GALLERY
The DPW Gallery, in front of the workshop, exhibits members’ work throughout the year. Members can apply for solo or group exhibitions, while group shows of smaller format prints are held in the summer and winter months to showcase all of the members’ new work.
The DPW Gallery has a wide variety of original prints of all sizes for sale. Small format prints are packaged and displayed in the gallery, while large works are available from the print portfolios. Come in and browse our selection to see the range of artwork from Dundarave members.
CURRENT SHOW

Impressions of the Pacific Northwest with works by Betty Jean Drummond
Betty Jean Drummond graduated with honours from the Ontario College of Art and worked as a commercial artist before discovering a passion for printmaking. This retrospective includes Drummond’s richly textured landscapes of the Pacific Northwest mountains, seasides, marshlands and rock formations often including sweeping flocks of birds.

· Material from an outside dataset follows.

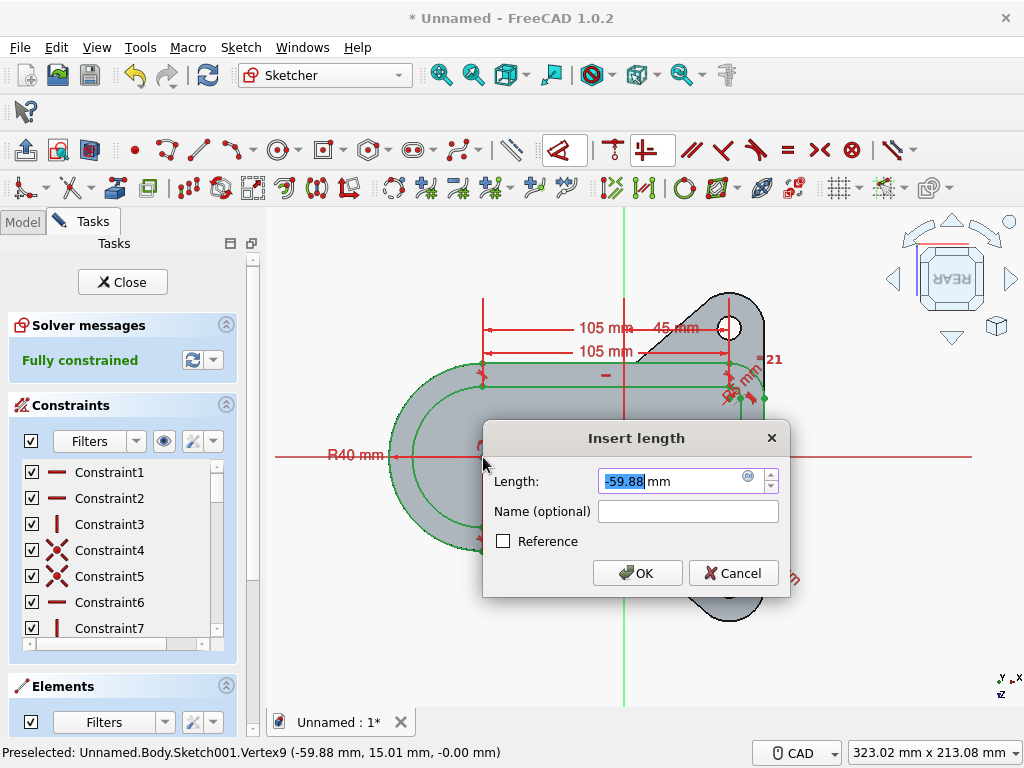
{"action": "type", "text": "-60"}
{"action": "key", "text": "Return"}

Betty Jean’s printmaking experiments combine both intaglio (etched with acid) and collagraph (building up from the surface) on the same plate, as well as combining plates.

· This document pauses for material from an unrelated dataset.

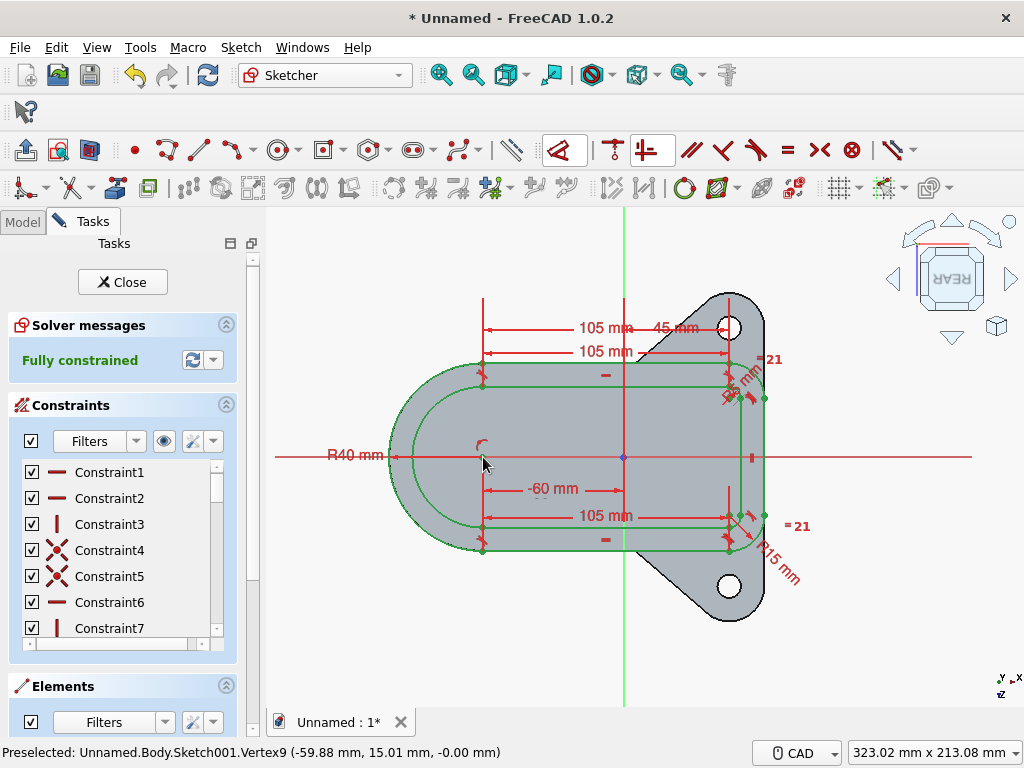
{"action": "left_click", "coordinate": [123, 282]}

In both the lyricism of her artistic expression and her mastery of technique, she was unique. These powerful images from a 40 year printmaking career can be seen at Dundarave Print Workshop and Gallery from February 26 to March 23, 2025.
LAST SHOW

This collection of prints represents the intersection of the past and present. They are for me a mirror of my experiences, memories, and historical context, expressing the introspection and inner turmoil that has shaped me as a person.

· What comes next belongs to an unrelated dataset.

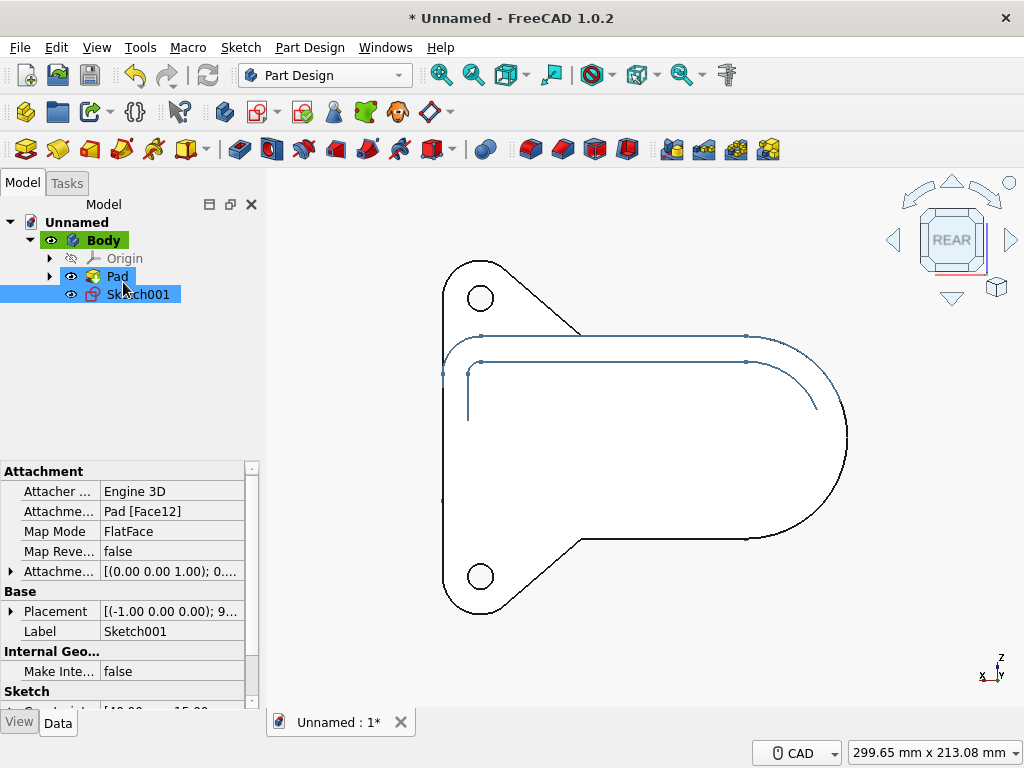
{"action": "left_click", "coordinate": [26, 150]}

You will notice that death is a prominent theme in this body of work, with many pieces incorporating narrative imagery from the Tarot and traditional Catholicism, two cultures whose relationships with death are woven into the fabric of their stories. Death is central to my work for a few reasons:
How do we converse about loss without becoming numb? I turn to printmaking because I need to talk about these circumstances without words, and to do so wordlessly is easier on the heart. Bell Hooks states: Justice is a necessary element of love. The problem is not death but having our loved ones taken from us because of greed. I cannot think of death as an outsider; it is inside my love and in the pain of all of us who are hurting; in the injustices that make the act of waking up a nightmare, one that can only be confronted by nurturing spaces of joy.